His model is based on factors including rainfall and health surveillance data, and uses upcoming season forecasts for rainfall to predict unusual changes in the seasonal pattern of disease in Botswana, which is where his team based its study as its climate makes it susceptible to malaria epidemics.
"The risk of an epidemic in tropical countries such as Botswana increases dramatically shortly after a season of good rainfall, when the heat and humidity allow mosquito populations to thrive," he says. "By using a number of climate models, we were able to compose weather predictions for such countries, which could then be used to calculate the severity of an epidemic months before its occurrence."
Satellites are also playing a key role in helping to predict epidemics of water-borne diseases such as cholera, and meningitis outbreaks across the sub-Saharan belt, which often follow in the wake of huge dust storms.
Cholera is an unpredictable and severe problem for developing countries, but the bacterium that causes it has a known association with a crustacean that lives on a type of plankton.

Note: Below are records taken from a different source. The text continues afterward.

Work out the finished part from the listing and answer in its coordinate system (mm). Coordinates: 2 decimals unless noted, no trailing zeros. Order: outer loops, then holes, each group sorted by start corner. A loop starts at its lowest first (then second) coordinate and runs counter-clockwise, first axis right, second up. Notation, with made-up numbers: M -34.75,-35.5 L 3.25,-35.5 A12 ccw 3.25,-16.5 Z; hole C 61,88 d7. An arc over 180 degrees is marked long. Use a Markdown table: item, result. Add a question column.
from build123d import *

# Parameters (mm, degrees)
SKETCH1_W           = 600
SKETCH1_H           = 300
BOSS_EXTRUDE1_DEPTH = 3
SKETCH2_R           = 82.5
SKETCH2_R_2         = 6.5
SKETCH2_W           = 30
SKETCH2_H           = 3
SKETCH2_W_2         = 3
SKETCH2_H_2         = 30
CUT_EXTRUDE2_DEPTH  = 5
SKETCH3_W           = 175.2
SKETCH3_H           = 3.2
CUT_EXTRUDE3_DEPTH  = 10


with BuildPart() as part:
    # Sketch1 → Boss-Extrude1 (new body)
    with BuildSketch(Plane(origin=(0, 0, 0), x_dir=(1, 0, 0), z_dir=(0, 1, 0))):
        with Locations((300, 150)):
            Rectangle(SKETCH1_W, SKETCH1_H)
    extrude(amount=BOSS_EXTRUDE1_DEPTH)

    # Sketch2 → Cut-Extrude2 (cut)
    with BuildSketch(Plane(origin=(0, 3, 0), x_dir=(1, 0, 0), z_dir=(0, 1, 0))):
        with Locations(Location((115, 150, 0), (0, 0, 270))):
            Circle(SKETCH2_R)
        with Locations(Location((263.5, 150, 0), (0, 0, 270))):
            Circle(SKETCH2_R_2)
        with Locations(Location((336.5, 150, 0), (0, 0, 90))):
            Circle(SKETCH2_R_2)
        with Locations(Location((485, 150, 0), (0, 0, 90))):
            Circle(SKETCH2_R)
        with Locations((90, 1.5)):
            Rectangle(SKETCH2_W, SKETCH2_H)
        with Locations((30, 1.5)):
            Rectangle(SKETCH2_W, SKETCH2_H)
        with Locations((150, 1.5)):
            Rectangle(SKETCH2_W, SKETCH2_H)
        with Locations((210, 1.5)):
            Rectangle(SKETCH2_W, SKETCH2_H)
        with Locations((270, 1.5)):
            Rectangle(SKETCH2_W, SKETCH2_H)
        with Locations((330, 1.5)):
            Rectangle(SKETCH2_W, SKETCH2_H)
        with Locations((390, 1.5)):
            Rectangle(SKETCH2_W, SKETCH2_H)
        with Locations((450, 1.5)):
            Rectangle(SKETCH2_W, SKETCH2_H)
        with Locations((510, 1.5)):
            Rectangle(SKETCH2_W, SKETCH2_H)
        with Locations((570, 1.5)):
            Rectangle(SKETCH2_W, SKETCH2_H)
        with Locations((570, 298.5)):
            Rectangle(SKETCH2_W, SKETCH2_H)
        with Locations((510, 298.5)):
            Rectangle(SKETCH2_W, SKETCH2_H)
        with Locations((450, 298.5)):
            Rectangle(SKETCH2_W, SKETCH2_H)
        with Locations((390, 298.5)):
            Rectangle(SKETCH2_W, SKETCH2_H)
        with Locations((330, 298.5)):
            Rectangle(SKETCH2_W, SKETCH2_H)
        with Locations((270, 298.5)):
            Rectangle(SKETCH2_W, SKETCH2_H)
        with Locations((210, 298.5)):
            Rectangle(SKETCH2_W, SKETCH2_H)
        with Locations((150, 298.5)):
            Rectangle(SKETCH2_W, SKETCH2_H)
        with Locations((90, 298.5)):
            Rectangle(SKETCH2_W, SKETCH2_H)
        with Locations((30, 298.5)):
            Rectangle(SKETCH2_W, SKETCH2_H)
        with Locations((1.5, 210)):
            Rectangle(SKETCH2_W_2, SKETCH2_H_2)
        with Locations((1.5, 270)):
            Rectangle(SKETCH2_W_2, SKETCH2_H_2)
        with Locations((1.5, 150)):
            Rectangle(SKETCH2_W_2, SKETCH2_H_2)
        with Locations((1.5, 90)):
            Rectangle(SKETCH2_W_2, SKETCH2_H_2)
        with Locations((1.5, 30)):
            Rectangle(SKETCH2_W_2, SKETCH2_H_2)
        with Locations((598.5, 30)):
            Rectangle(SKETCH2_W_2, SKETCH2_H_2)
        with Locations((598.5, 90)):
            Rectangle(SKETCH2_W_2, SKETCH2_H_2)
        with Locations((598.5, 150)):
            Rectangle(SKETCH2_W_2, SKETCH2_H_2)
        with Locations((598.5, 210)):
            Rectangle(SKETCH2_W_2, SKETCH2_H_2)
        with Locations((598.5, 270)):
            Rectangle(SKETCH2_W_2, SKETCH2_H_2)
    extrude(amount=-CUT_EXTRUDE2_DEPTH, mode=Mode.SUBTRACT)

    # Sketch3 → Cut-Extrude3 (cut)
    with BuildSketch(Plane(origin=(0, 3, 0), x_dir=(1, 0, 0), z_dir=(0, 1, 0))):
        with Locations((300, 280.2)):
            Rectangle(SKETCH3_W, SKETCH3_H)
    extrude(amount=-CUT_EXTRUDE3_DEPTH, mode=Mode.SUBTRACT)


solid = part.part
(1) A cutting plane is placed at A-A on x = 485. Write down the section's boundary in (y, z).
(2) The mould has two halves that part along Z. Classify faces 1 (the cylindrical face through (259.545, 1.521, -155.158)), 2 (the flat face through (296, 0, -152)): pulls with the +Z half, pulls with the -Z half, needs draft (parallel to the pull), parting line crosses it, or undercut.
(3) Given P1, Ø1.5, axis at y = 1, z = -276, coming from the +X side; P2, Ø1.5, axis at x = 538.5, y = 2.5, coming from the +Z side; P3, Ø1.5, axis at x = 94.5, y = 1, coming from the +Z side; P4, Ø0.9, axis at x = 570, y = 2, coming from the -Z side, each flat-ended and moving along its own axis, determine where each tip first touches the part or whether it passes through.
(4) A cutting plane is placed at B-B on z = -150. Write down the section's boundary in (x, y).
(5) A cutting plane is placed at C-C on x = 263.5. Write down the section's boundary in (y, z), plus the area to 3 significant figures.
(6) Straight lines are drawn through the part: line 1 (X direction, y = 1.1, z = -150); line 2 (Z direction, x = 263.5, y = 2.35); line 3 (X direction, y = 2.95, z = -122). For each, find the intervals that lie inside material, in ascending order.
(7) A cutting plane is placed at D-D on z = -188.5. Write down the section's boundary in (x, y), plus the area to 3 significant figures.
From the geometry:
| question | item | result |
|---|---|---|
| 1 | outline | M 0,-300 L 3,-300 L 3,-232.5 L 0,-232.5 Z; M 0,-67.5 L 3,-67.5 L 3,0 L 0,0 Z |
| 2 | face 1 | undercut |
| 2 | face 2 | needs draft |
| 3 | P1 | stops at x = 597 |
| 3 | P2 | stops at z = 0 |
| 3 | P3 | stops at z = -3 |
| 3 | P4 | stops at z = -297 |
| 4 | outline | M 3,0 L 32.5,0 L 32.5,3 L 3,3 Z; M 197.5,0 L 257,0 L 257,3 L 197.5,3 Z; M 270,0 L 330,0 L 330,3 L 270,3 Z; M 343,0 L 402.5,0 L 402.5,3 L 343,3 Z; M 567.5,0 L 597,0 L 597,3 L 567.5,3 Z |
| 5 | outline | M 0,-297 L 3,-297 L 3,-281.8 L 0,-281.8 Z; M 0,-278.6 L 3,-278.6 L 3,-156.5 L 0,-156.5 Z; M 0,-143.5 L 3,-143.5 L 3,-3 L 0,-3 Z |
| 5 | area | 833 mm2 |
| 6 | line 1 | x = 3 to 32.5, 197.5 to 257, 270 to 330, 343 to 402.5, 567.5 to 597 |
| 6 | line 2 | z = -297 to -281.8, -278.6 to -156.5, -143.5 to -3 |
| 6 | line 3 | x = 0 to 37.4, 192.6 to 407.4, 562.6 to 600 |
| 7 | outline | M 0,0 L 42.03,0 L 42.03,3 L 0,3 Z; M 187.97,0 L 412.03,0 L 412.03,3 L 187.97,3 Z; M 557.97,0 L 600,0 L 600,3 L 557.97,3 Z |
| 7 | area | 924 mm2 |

Cholera outbreaks have been linked with environmental factors such as sea surface temperature, ocean height and biomass, so a team at the University of Maryland in the US has used remote satellite imaging to track changes in these factors and applied the data to predicting outbreaks.
Meningitis causes seizures and deafness in those it doesn't kill. Outbreaks in the sub-Saharan belt take place after a period without rain, low humidity and a lot of dust in the air, and, although the exact correlation is not yet known, researchers in the European Space Agency's Epidimio project are using satellite data to follow week by week the development of dust storms and the appearance of conditions favourable for an epidemic to start.
Google flu trends and wheresgeorge
Unsurprisingly the Internet is weighing in with prediction tools as well. Google Flu Trends, for example, was launched in late 2008 after the company's engineers discovered a close relationship between the number of people Googling for flu-related topics and those with flu symptoms. The company says Flu Trends makes it possible to estimate possible flu activity in near real-time, and that the estimates, which have been validated against historical data from the US Centres for Disease Control and Prevention, can be up to two weeks ahead of federal government data.
At the moment, however, the system covers only the US, although in light of the swine flu pandemic Google is also running an experimental system for Mexico. In time, the company says it hopes to extend the service to other countries and may include other diseases.
Then there's WheresGeorge.com, an Internet game where users enter the serial numbers from their dollar bills to track their travels around the US and Europe. In an echo of the human movement models discussed earlier, Professor Dirk Brockmann of Northwestern University in the US has used the game to calculate the odds that a given dollar bill will stay within a 10km radius, to create an epidemiological model to predict the course of the swine flu pandemic over the next few weeks, as well as future outbreaks.
Such models are too new to be backed up by historical data, but Prof Brockmann's prediction that there will be only 1,700 or so cases of swine flu in the US by late May matches almost exactly that from another model using a system at Indiana University, which is based on similar assumptions such as a low R0 but which uses a different algorithm.
Like all models these are continually being refined, and there's a constant push for new ones, so you can be sure that as long as there are diseases out there, we'll have mathematical models to predict how they will spread - and hopefully prevent them from spreading.